You can define constraints on columns and tables to restrict the data in your tables. Cloudberry Database support for constraints is the same as PostgreSQL with some limitations, including:

  • CHECK constraints can refer only to the table on which they are defined.

  • UNIQUE and PRIMARY KEY constraints must be compatible with their table's distribution key and partitioning key, if any.

    info

    UNIQUE and PRIMARY KEY constraints are not allowed on append-optimized tables because the UNIQUE indexes that are created by the constraints are not allowed on append-optimized tables.

  • FOREIGN KEY constraints are allowed, but not enforced.

  • Constraints that you define on partitioned tables apply to the partitioned table as a whole. You cannot define constraints on the individual parts of the table.

Check constraints

Check constraints allow you to specify that the value in a certain column must satisfy a Boolean (truth-value) expression. For example, to require positive product prices:

=> CREATE TABLE products 
( product_no integer,
name text,
price numeric CHECK (price > 0) );

Not-null constraints

Not-null constraints specify that a column must not assume the null value. A not-null constraint is always written as a column constraint. For example:

=> CREATE TABLE products 
( product_no integer NOT NULL,
name text NOT NULL,
price numeric );

Unique constraints

Unique constraints ensure that the data contained in a column or a group of columns is unique with respect to all the rows in the table. The table must be hash-distributed or replicated (not DISTRIBUTED RANDOMLY). If the table is hash-distributed, the constraint columns must be the same as (or a superset of) the table's distribution key columns. For example:

=> CREATE TABLE products 
( product_no integer `UNIQUE`,
name text,
price numeric)
DISTRIBUTED BY (product_no);

Primary keys

A primary key constraint is a combination of a UNIQUE constraint and a NOT NULL constraint. The table must be hash-distributed (not DISTRIBUTED RANDOMLY), and the primary key columns must be the same as (or a superset of) the table's distribution key columns. If a table has a primary key, this column (or group of columns) is chosen as the distribution key for the table by default. For example:

=> CREATE TABLE products 
( `product_no` integer `PRIMARY KEY`,
name text,
price numeric)
` DISTRIBUTED BY (``product_no``)`;

Foreign keys

Foreign keys are not supported. You can declare them, but referential integrity is not enforced.

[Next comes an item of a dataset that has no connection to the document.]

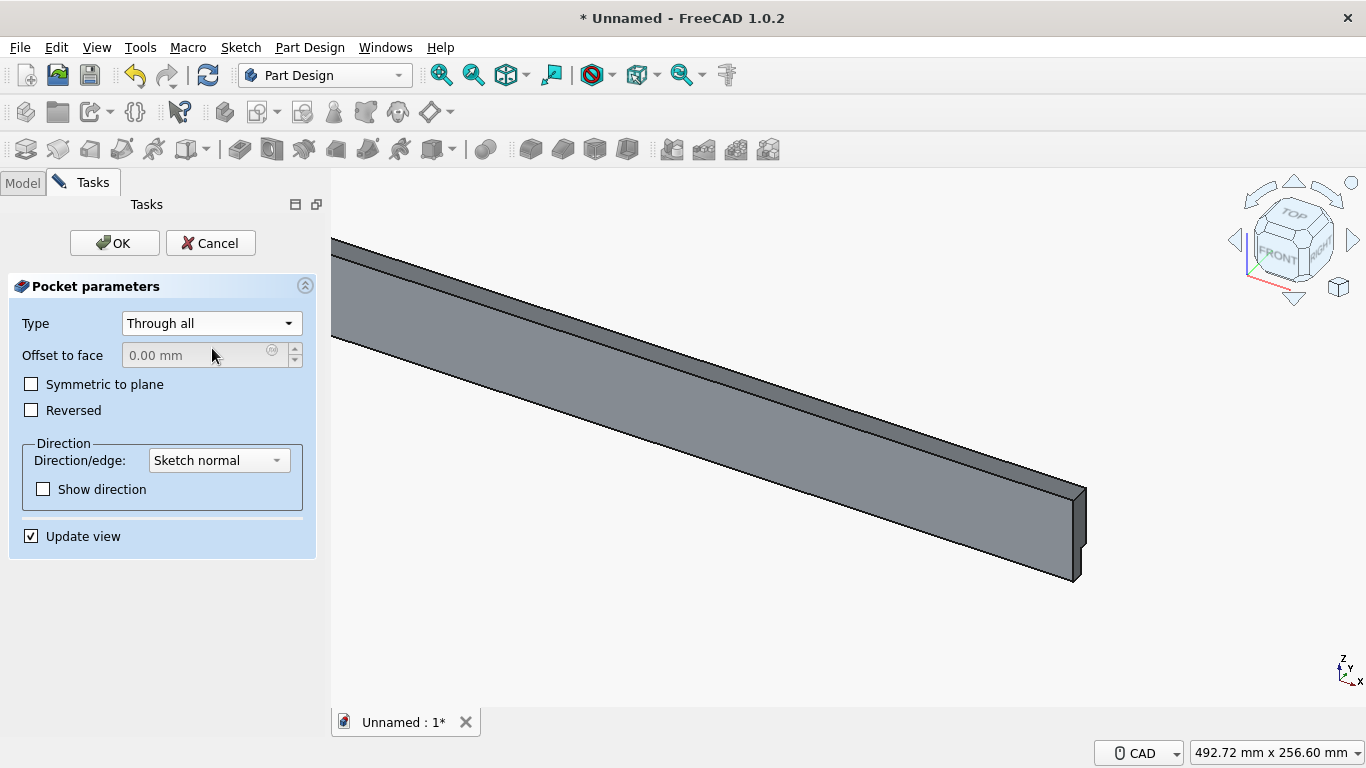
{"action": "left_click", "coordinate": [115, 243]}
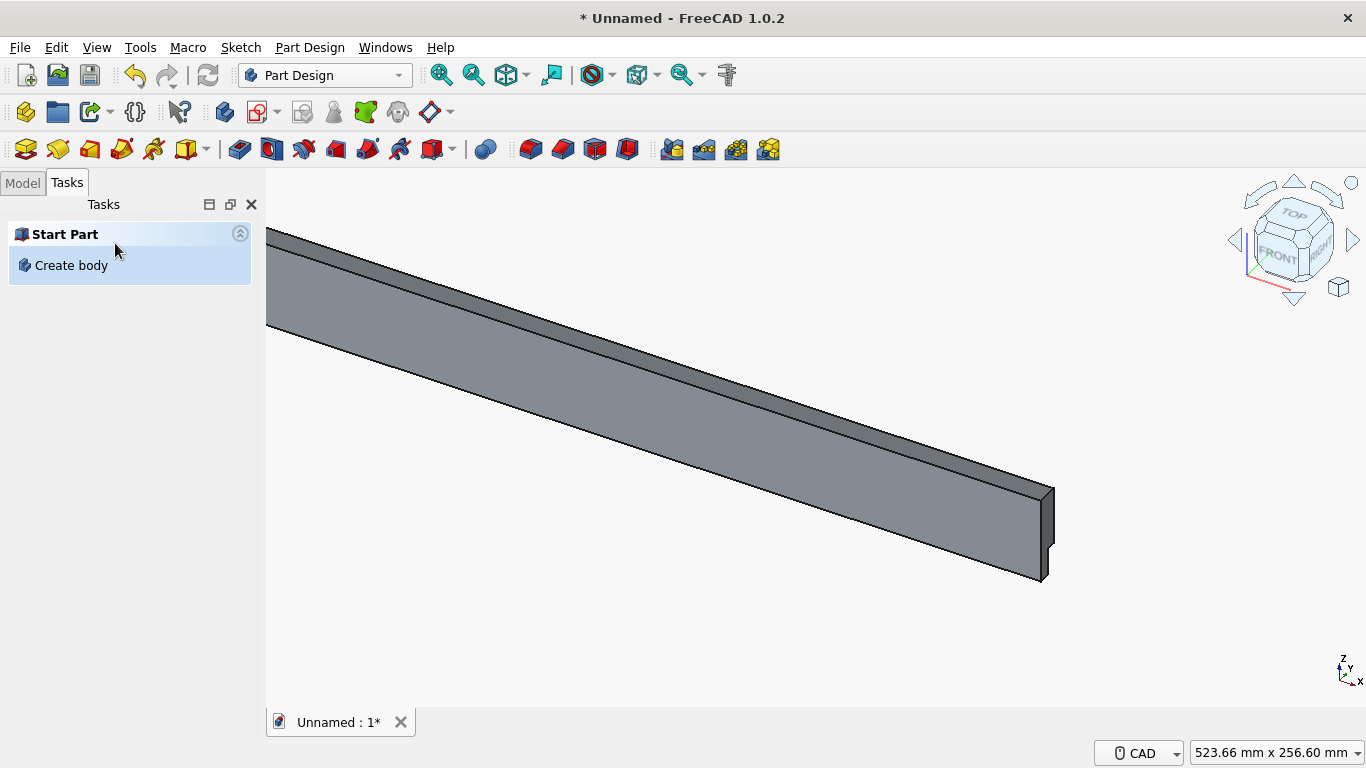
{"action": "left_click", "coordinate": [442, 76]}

Foreign key constraints specify that the values in a column or a group of columns must match the values appearing in some row of another table to maintain referential integrity between two related tables. Referential integrity checks cannot be enforced between the distributed table segments of a Cloudberry database.

Exclusion constraints

Exclusion constraints ensure that if any two rows are compared on the specified columns or expressions using the specified operators, at least one of these operator comparisons will return false or null. The syntax is:

CREATE TABLE circles (
c circle,
EXCLUDE USING gist (c WITH &&)
) DISTRIBUTED REPLICATED;

Similar to unique constraints, an exclusion constraint is permitted only for replicated tables or when the distribution key columns are part of the constraint, with the same = operator as in the distribution key's hash operator class.

Exclusion constraints are not supported for partitioned tables.

See also CREATE TABLE ... CONSTRAINT ... EXCLUDE for details.

Adding an exclusion constraint automatically creates an index of the type specified in the constraint declaration.